Mexico is home to more than 129 million people, many of them considered poor. In fact, according to Mexican government statistics, 42.9% of all Mexicans lived in poverty as of 2018, roughly corresponding to about 52.4 million people.
Southern Mexico Is Poorer
Although poverty exists in every part of Mexico, much of it is concentrated in the southern part of the country, especially in three particular states: Chiapas, Guerrero, and Oaxaca. These states, respectively, have the first, second, and third highest poverty rates in Mexico. Collectively, the three states have an average poverty rate of 69.8%, which is well above the aforementioned national average. In addition, more than a quarter of people residing in these states have been described as extremely poor, versus 7.6% of the national average.
Southern Mexico is generally poorer than the more developed northern part of the country for a number of reasons. Firstly, the three states contain larger indigenous populations compared to other Mexican states. Indigenous people in Mexico tend to be poorer than Mexicans of non-indigenous descent, and have been consistently marginalized politically, which means that they have not had much of a voice in Mexico’s institutions of power. Moreover, many of the indigenous people in Mexico’s three poorest states are monolingual, knowing how to speak their own indigenous languages, but not Spanish, which is the country’s official language. In fact, it has been estimated that 22.1% of people in Chiapas, Guerrero, and Oaxaca do not speak Spanish.

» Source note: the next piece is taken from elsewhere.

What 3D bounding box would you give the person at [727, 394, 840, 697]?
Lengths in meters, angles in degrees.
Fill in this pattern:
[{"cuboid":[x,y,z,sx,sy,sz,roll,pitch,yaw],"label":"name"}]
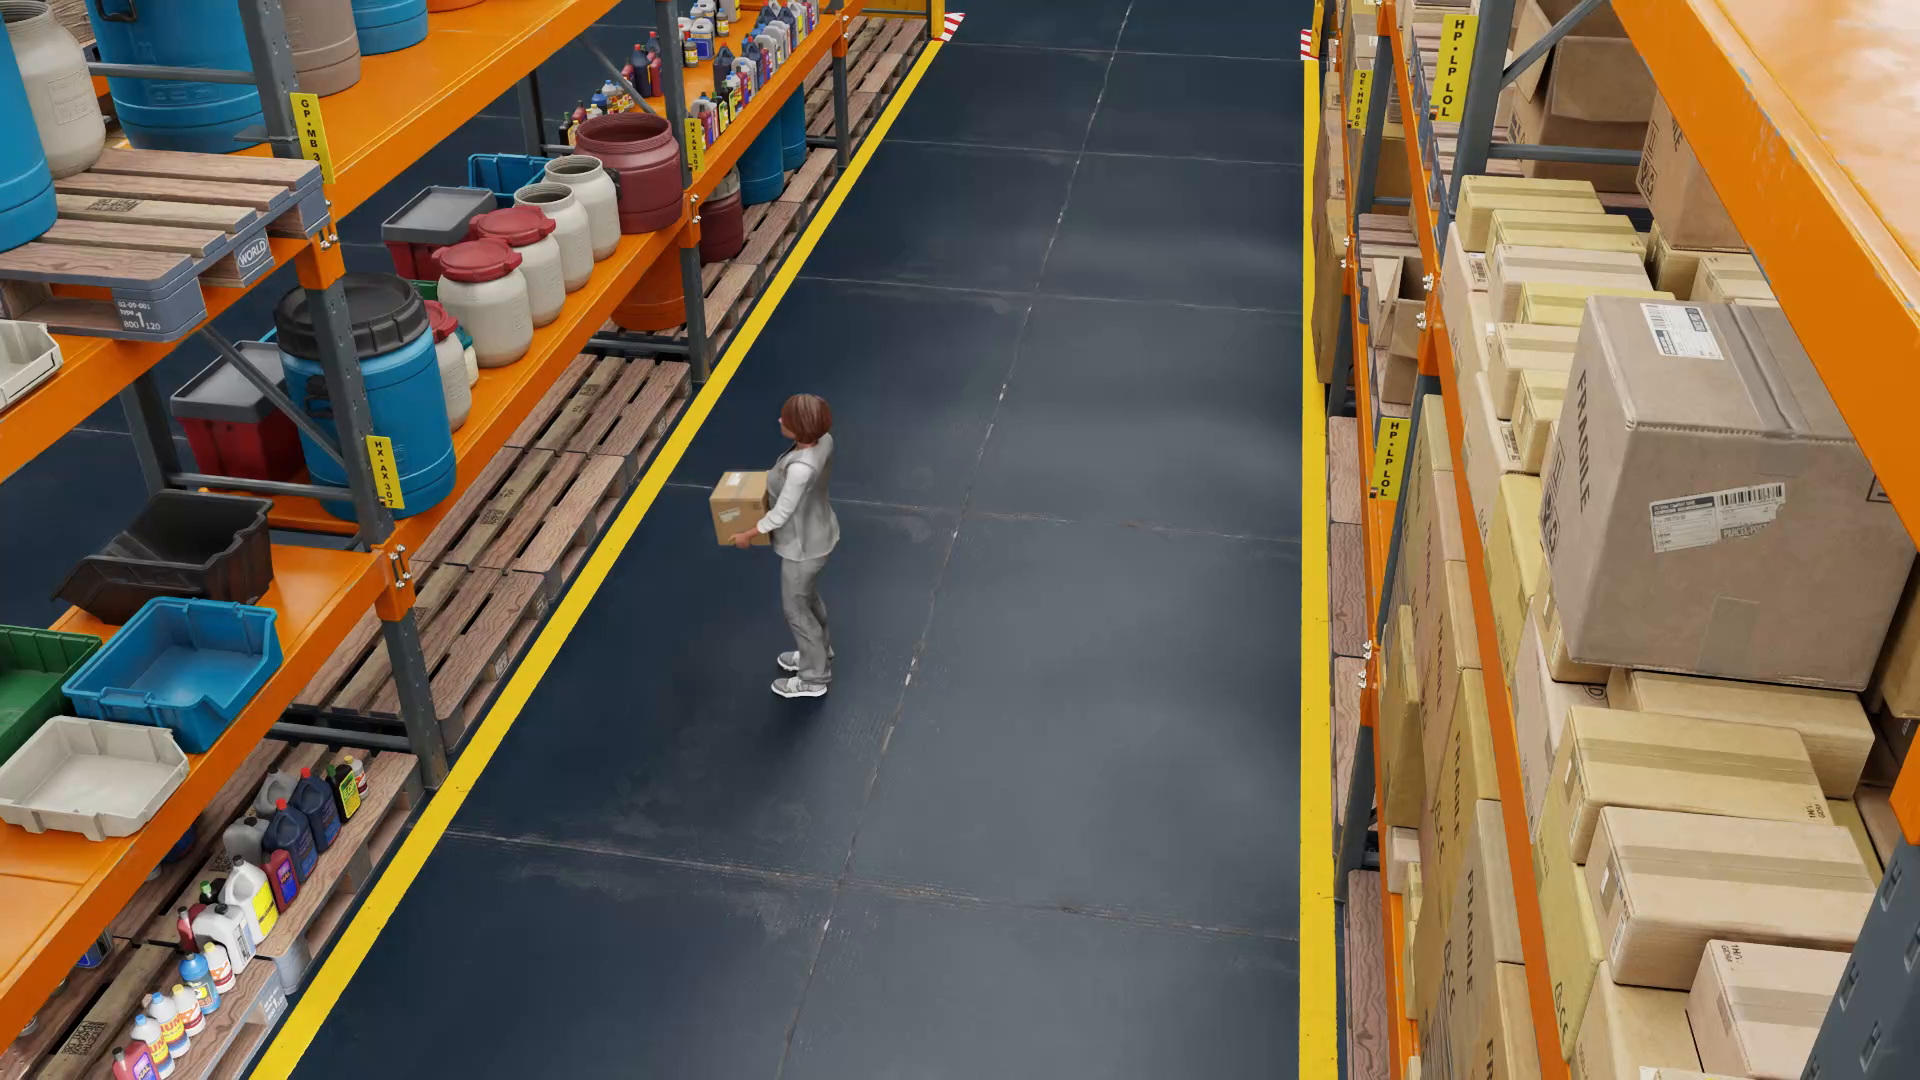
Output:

Southern Mexico in general is also at a disadvantage due to its topography. The region contains three mountain ranges, which isolate communities from each other, making economic development more difficult. The lack of development has led to a situation in which nearly half of the people residing in the country’s poorest states live in communities of less than 2500 people. The three poorest states’ lack of industrial development has hampered their ability to attract international investment. Indeed, they accounted for just 2.5% of cumulative foreign direct investment into Mexico in the period between 1999 and 2017.
The Three Poorest States In Mexico
Here are some notes on Mexico’s three poorest states based on poverty rate:
1. Chiapas - 76.4%
Chiapas is the state with the highest poverty rate in Mexico, at 76.4%. In addition, nearly a third of poor people in Chiapas are living in extreme poverty. Another reason Chiapas remains so poor is the marginalization of its population. More than 5.4 million people live in Chiapas, and about a quarter of them are indigenous. Historically, indigenous people in Chiapas and elsewhere in Mexico have been systemically mistreated and marginalized by Mexicans of European heritage, especially wealthy land owners. These land owners cemented their continued power by allying with the Institutional Revolutionary Party (PRI), which dominated Mexican politics for most of the 20th century. This alliance helped the land owners block land reforms that might have benefitted the state’s indigenous population.
2. Guerrero - 66.5%
The State of Guerrero is Mexico’s second poorest state, with 66.5% of its population living in poverty. More than a quarter of Guerrero’s poor live in extreme poverty. Unlike Chiapas, Guerrero has an abundance of natural resources, as well as a growing manufacturing sector. Tourism is also very lucrative for the state’s economy. The popular tourist resort city of Acapulco is located in Guerrero.
Despite some economic growth and development, however, most of Guerrero’s people remain poor. As in Chiapas, Guerrero has a large indigenous population that has not seen much of the state’s wealth trickle down to them. Between 2008 and 2018, the state’s overall poverty rate fell only two percent. More than half of the state’s population lacks access to basic house services like water and electricity, and more than a third lack access to food.
3. Oaxaca - 66.4%
Oaxaca is Mexico’s third poorest state, with a poverty rate of 66.4%, just 0.1% less than that of Guerrero. The state actually saw an increase in the poverty rate between 2008 and 2018, with the rate in 2008 being 61.8%. On the bright side, there was a reduction of 5.1% in the rate of extreme poverty in the same ten year period. As in Guerrero, more than half Oaxaca’s population lacks access to basic home services. In addition, more than a quarter of the state’s population lacks access to food.
Oaxaca, like Guerrero, has a significant tourism industry, but is otherwise very underdeveloped. One reason for the lack of development is disagreements between the state’s various indigenous populations over developing the state’s natural resources. Lack of infrastructure and mismanagement have also hampered the state’s economy.
The Future Of Poverty In Mexico
Mexico is still a developing country with many of its people still living in poverty. In fact, the national poverty rate between 2008 and 2018 only fell 2.5%, so poverty alleviation in the country remains slow. In addition, discontent among the poor masses, especially in the south of the country, where the three poorest states are located, has boiled over into armed insurrections. In 1994, for example, Chiapas saw the emergence of an uprising led by the Zapatista Army of National Liberation (EZLN) meant to draw attention to the issues of the region’s indigenous people. In 2018, Mexico elected its first president from the country’s south in over a century, Andres Manuel Lopez Obrador, who many believe will bring the change that Mexico’s poor badly need.